Google-books : « un quasi monopole mondial qui tente de s’approprier le patrimoine culturel, littéraire et journalistique mondial »

En numérisant massivement des œuvres aux Etats-Unis sans tenir compte des droits d’auteurs, Google a fait un coup de force légitimé après coup par les tribunaux américains. Cet accord avec les éditeurs et auteurs des pays anglo-saxons a été montré en exemple par la Commission européenne lors du débat organisé jeudi 26 novembre. D’après elle l’Europe ne peut rester à la traine de la course à la numérisation qui est lancée ce qui est vrai.

Seulement il très inquiétant que cela se fasse dans le cadre d’une marchandisation de la culture.

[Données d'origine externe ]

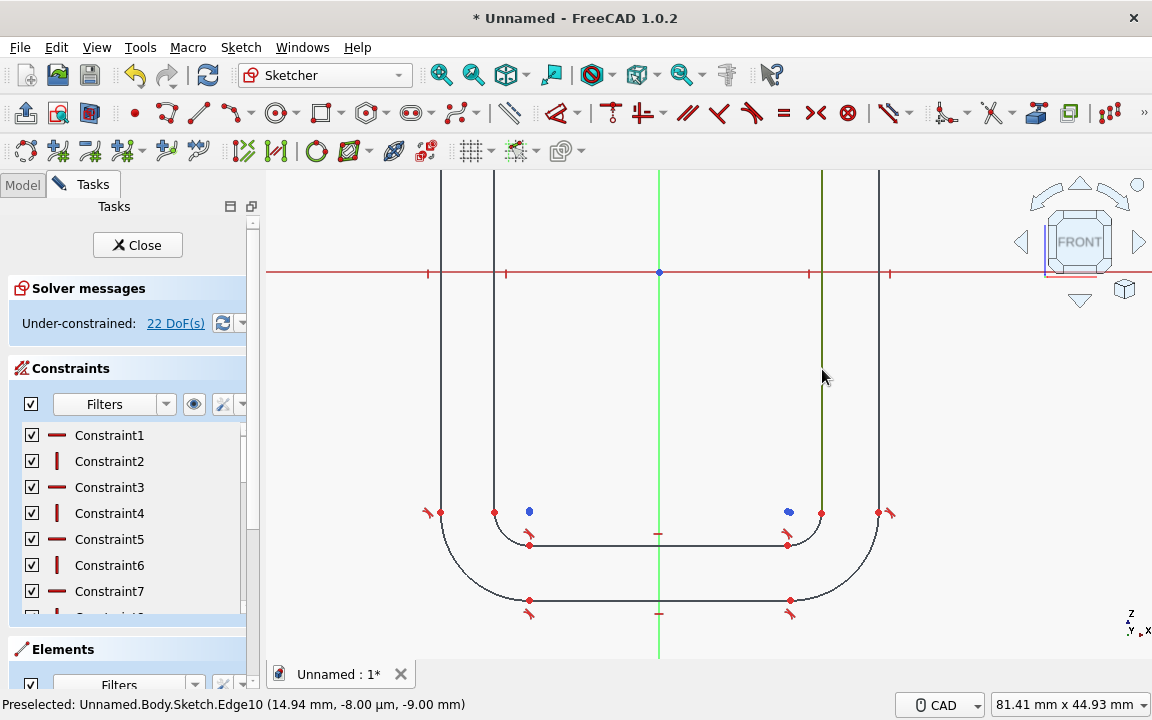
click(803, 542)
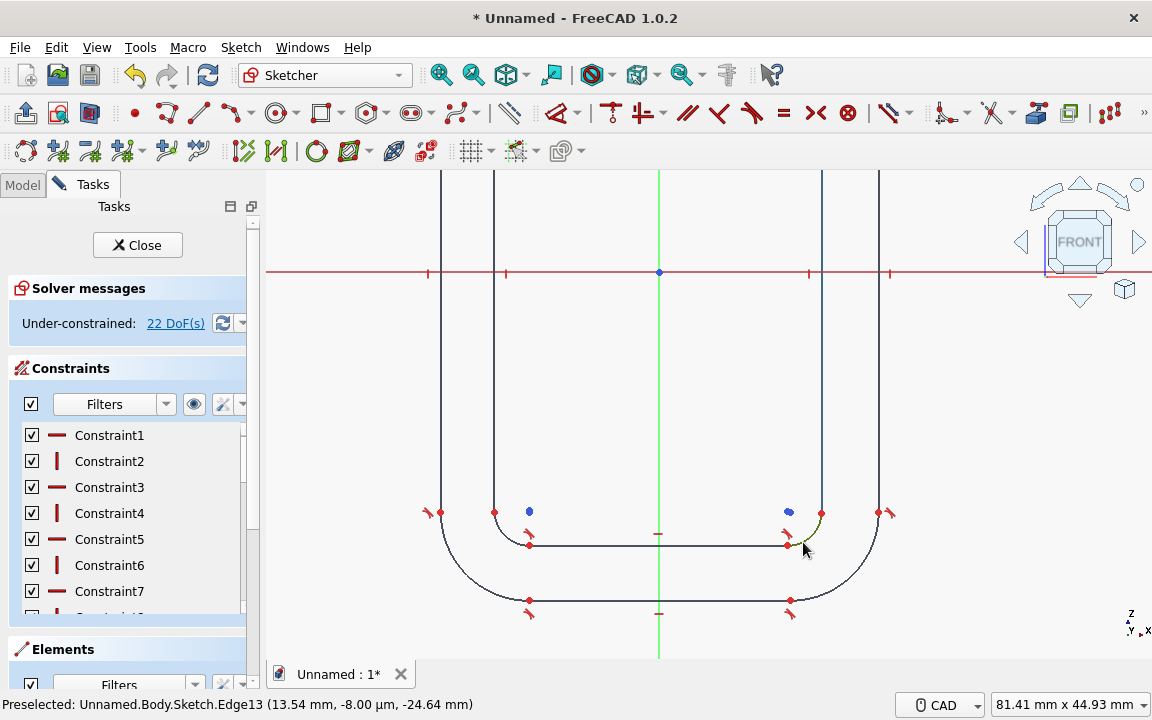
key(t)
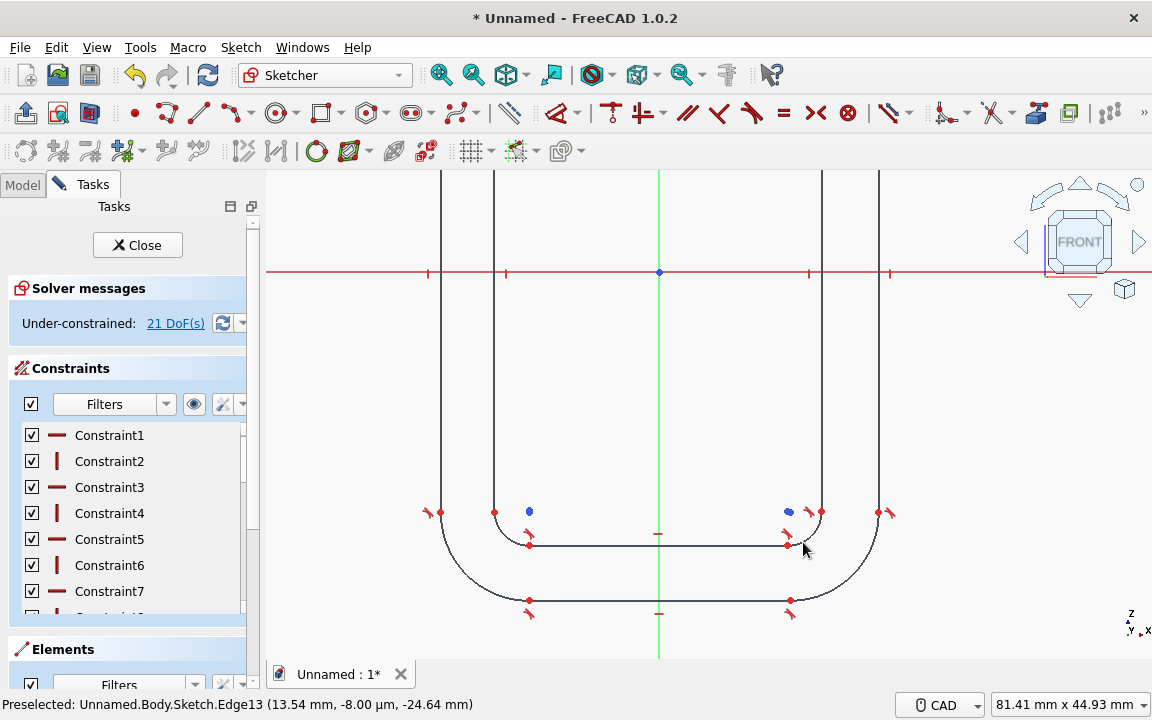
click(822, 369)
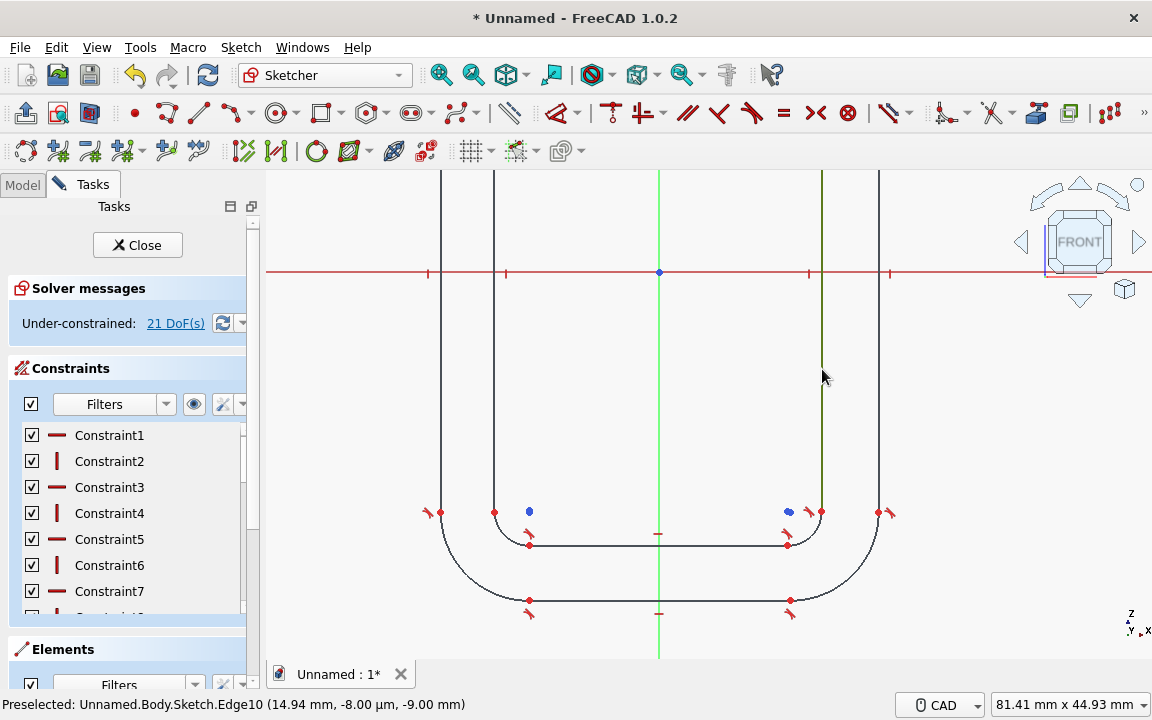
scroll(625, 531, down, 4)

Dans le débat que nous avons eu j’ai demandé à la Commission quelles étaient clairement les options envisagées et ce qu’elle entend par « marché transfrontalier des droits d’auteur » ou système de « licences collectives ». Voilà pourquoi j’ai demandé la réunion d’une conférence stratégique européenne associant, institutions européennes, Etats, syndicats d’auteurs et bibliothèques afin d’élaborer un vrai modèle public de numérisation. Ce projet adossé à Europeana, la bibliothèque numérique publique européenne, devrait coopérer avec d’autres systèmes équivalents dans le monde pour un réel partage de la culture dans le respect des droits d’auteurs et de la diversité culturelle.

————————-

NB: Le Conseil est l’institution européenne représentant les gouvernements des Etats membres de l’Union européenne. Sur chaque question il réunit les Ministres concerné (exemple: Conseil des ministres de l’intérieur, des ministres de l’agriculture, de l’économie etc…) qui prennent une décision à la majorité ou l’unanimité selon l’importance du sujet. Les Réunions du Conseil européen réunissent, elles, les chefs d’Etat européen qui donnent des orientations politiques, mises en place par la Commission puis votée par le Parlement européen.